- _Goal of the exercise_
Copy every line of the records below that holds the word "Lengths".

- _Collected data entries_
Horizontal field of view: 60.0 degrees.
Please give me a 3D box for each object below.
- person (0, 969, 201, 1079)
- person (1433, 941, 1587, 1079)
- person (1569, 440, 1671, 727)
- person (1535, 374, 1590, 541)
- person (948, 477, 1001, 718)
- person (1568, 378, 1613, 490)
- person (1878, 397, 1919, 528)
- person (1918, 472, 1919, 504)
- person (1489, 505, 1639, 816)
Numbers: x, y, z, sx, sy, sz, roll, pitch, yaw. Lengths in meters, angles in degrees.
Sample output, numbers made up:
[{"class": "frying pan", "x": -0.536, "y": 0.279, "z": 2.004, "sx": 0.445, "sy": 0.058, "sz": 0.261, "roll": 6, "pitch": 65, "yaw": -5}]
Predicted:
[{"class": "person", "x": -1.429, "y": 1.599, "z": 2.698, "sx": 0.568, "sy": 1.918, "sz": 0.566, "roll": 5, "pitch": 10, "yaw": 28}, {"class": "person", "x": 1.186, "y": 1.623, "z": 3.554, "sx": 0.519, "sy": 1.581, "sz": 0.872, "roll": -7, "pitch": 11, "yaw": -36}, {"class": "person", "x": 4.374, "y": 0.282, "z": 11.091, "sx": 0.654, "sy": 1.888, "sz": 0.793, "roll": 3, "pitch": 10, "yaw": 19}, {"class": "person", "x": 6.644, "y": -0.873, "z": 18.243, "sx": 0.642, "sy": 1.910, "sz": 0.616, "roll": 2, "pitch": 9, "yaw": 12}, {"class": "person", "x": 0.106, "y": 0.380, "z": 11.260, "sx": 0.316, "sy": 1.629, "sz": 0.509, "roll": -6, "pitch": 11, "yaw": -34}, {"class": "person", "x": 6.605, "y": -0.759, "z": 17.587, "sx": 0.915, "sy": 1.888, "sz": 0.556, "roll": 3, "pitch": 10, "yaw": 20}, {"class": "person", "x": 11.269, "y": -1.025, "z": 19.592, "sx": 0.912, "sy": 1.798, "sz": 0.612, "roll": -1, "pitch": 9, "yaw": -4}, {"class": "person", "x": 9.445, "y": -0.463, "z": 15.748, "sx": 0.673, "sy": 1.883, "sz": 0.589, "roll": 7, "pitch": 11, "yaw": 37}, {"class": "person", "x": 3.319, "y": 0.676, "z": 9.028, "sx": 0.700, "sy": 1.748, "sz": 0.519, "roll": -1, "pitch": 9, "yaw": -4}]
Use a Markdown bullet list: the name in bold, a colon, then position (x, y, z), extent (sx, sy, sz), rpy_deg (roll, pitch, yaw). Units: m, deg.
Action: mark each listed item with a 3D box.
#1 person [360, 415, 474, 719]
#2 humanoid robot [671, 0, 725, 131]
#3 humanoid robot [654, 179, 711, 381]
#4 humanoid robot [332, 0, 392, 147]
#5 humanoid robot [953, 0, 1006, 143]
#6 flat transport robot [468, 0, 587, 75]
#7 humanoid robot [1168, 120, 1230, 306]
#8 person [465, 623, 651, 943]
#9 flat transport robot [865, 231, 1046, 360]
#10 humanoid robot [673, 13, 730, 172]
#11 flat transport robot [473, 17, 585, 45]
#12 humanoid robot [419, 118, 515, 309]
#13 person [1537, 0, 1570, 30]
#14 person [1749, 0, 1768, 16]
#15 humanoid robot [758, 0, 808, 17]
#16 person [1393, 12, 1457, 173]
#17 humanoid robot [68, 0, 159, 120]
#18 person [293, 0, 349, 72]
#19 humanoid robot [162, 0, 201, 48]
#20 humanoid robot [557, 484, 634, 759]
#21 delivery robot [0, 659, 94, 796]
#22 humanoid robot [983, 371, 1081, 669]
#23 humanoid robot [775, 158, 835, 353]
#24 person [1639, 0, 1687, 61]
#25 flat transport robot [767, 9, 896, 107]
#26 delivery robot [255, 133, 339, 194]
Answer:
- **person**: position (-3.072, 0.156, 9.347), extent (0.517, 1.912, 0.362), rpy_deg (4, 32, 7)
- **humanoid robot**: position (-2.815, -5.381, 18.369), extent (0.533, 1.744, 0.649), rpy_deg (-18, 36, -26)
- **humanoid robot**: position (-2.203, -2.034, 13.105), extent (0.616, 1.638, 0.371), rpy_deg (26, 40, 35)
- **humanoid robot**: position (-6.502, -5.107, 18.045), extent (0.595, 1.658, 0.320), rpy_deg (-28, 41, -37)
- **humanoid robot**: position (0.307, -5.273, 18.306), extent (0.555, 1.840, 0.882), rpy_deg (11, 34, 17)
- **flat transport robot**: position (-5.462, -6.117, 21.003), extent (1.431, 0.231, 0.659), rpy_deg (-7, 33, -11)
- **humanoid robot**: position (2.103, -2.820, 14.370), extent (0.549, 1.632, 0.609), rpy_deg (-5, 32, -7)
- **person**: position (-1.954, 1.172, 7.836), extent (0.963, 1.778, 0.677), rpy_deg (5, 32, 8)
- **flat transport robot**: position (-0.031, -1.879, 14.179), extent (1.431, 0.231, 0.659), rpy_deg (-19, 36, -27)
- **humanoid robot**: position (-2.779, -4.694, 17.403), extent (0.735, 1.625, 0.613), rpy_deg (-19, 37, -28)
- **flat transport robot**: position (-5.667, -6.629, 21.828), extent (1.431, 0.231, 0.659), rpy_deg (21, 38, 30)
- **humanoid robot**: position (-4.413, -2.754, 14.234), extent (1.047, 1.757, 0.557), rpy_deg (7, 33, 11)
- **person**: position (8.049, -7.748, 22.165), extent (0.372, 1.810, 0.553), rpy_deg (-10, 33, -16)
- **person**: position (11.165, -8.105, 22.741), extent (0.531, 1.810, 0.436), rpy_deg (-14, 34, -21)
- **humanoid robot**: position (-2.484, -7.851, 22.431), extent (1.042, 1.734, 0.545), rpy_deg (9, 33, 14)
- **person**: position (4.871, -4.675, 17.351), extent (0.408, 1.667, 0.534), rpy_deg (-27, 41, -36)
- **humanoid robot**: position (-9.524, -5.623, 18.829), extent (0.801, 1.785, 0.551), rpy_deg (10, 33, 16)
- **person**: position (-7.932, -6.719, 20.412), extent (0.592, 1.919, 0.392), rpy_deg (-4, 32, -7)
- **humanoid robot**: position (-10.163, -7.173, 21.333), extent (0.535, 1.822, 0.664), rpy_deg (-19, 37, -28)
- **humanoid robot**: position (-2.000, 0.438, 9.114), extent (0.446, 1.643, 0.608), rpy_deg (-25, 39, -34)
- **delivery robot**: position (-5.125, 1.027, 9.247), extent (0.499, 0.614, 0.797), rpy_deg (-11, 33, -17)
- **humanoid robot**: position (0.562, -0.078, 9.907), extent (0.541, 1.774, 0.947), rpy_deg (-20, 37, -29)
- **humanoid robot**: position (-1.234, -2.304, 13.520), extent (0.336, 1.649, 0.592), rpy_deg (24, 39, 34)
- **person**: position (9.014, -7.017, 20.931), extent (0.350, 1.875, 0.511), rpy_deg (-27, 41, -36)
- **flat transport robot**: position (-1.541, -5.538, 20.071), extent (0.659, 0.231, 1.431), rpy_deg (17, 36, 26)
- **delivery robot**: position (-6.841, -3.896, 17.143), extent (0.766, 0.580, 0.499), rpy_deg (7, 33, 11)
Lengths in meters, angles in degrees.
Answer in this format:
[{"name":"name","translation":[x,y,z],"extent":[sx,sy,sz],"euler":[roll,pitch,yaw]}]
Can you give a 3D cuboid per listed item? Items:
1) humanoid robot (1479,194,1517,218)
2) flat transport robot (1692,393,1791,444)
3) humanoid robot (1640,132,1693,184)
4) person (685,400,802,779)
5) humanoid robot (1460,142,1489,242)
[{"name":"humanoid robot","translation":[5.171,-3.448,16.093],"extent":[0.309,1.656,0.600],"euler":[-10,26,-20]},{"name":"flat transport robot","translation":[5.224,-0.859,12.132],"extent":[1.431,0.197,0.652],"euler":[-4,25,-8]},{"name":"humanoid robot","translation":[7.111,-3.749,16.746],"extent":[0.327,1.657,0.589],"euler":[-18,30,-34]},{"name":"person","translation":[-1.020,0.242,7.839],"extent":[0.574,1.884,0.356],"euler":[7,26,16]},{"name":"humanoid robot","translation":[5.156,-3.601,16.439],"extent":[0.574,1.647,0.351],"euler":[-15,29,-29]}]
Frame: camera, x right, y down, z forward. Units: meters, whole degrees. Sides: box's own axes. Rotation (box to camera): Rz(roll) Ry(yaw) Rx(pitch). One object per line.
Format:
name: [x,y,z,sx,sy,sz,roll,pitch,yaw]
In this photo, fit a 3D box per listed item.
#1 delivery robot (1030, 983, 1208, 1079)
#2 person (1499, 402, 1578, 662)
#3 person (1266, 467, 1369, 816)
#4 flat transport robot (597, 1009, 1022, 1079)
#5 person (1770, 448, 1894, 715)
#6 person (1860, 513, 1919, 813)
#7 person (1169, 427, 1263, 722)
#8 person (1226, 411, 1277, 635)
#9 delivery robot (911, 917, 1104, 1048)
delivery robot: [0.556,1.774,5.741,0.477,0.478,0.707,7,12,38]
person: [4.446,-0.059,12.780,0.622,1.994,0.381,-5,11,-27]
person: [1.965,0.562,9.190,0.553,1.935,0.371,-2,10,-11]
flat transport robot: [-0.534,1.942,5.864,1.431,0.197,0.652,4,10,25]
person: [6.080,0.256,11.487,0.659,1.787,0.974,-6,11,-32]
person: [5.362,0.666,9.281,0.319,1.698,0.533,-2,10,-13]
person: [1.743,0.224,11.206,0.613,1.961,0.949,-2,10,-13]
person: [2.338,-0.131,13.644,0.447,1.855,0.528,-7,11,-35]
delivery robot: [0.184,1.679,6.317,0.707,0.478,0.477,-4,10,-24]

- _Answer box_
Numbers: x, y, z, sx, sy, sz, roll, pitch, yaw. Lengths in meters, angles in degrees.
Lengths in meters, angles in degrees.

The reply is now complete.